# Crossing the River

by on May 25, 2012

Questions:
• On the weekend, friends of mine went camping. They were camping on a small island in the middle of the lake. There were eight adults and two children in all.
• When they went to cross the lake and return home their boat was missing. They searched and searched but all they could find was an old canoe. It wasn’t as big as the boat and they were worried it wouldn’t carry them all. So, they tested it and found the boat could carry either:
• • One or two children
• At first they thought some of them would be stranded forever, but finally, they figured out how to get them all safely across the lake.
• Can you figure it out?
• —————
• Repeat the problem using counters. I want to know the number of crossings it takes to shift the 8 adults and 2 children.
• —————
• What if one of the adults was sick and didn’t end up going camping? How would that change the number of crossing?
• —————
• Let’s adjust the number of adults. How does the number of crossings change when the number of adults changes? Record all your data. Can you find an algebraic pattern?

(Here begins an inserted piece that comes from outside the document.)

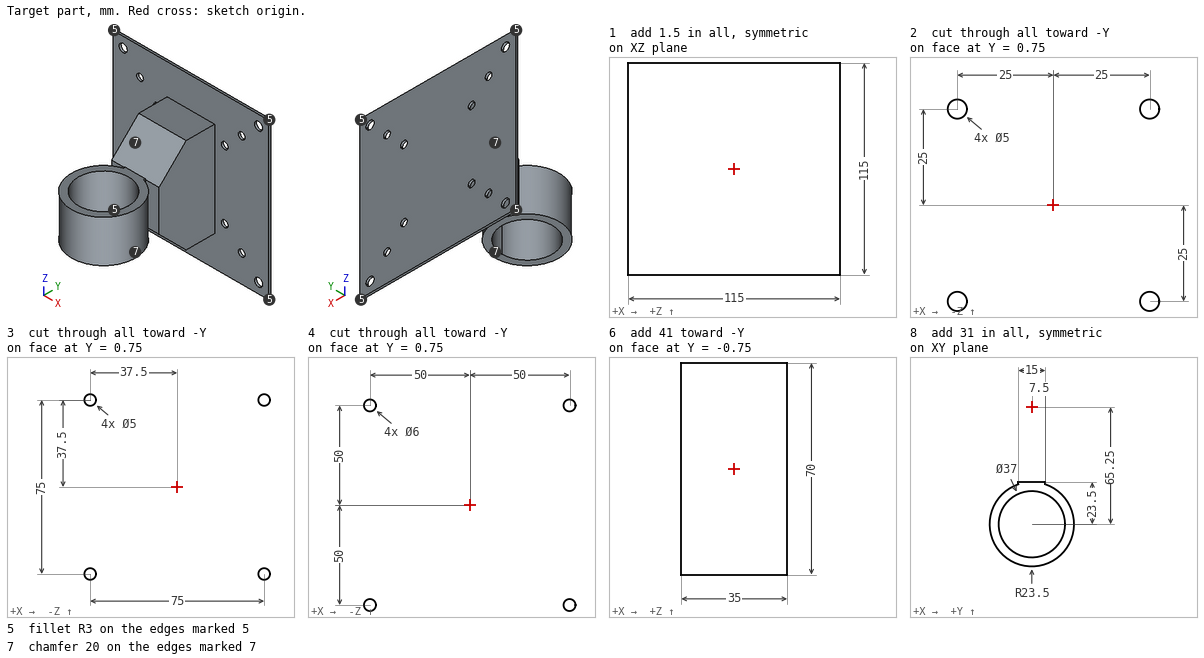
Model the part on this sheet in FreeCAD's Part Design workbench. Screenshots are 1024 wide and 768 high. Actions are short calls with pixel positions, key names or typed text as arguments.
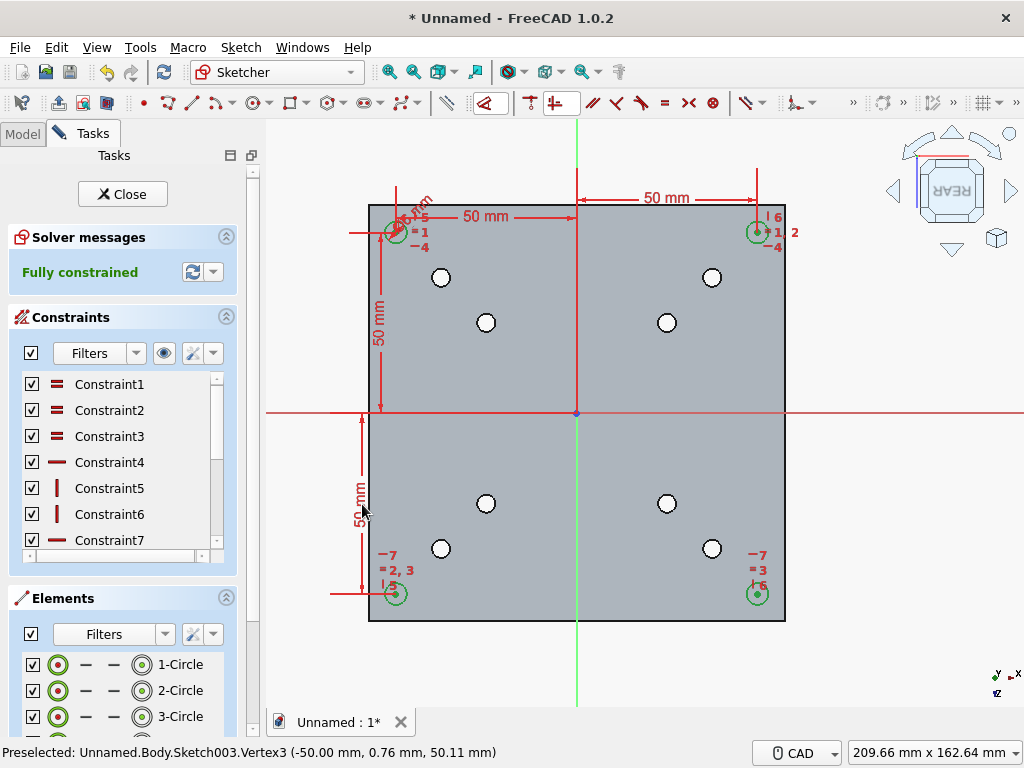
click(123, 194)
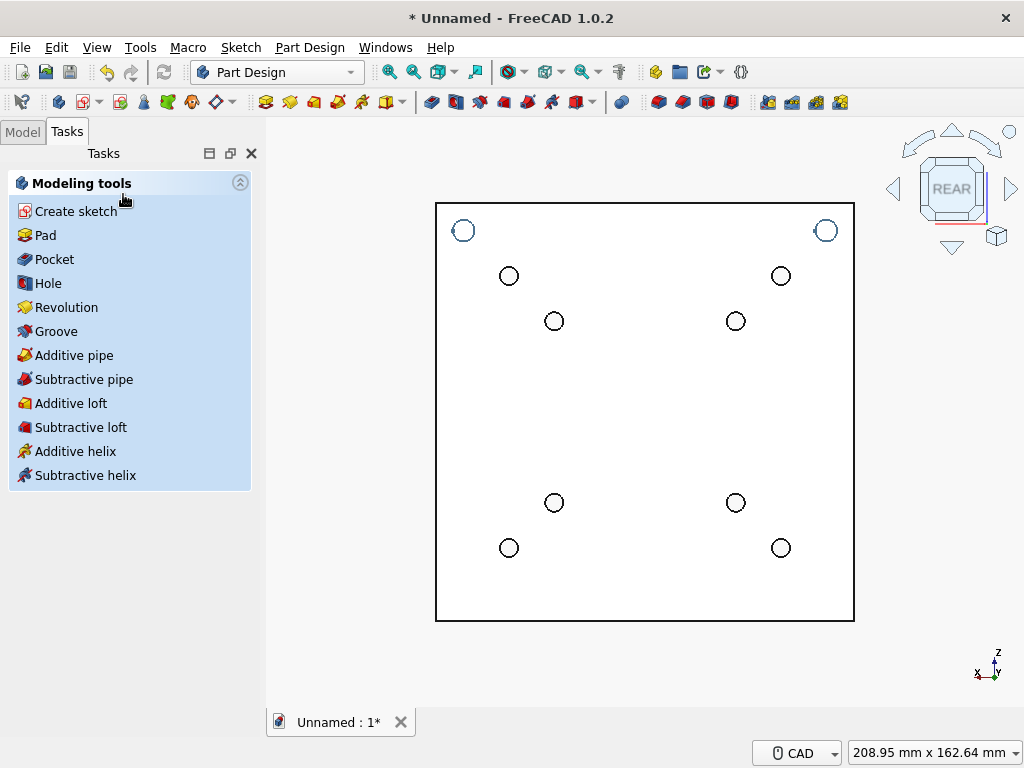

The first question, it gave me a bit of a hesitation, but after a while, I figured out a solution, and it is:

2 children goes across to the island, 1 child drops off, another goes back on, he drops off, an adult goes on, he drops off at the other side, the child left on the original island gets on and returens the child on the middle island back. Then the whole cycle repeats until everybody has crossed.

The second question, I thought it was the hardest among all, because I had to figure out how many crossings it takes for 8 adults and 2 children to get through an island. So eventually, I repeated the count and I have came up with the number 33. Later I have did the same for 7 adults and 2 children, and have came up with 29.

The third part, we had to choose 5 random numbers of adults. I chose 18, 23, 25, 3 and 1. Soon I figured out the algebraic pattern. It was 4y+1. With the function, I gradually  figured out the answers for the 5 numbers. Respectively, there were 73, 93, 101, 13 and 5.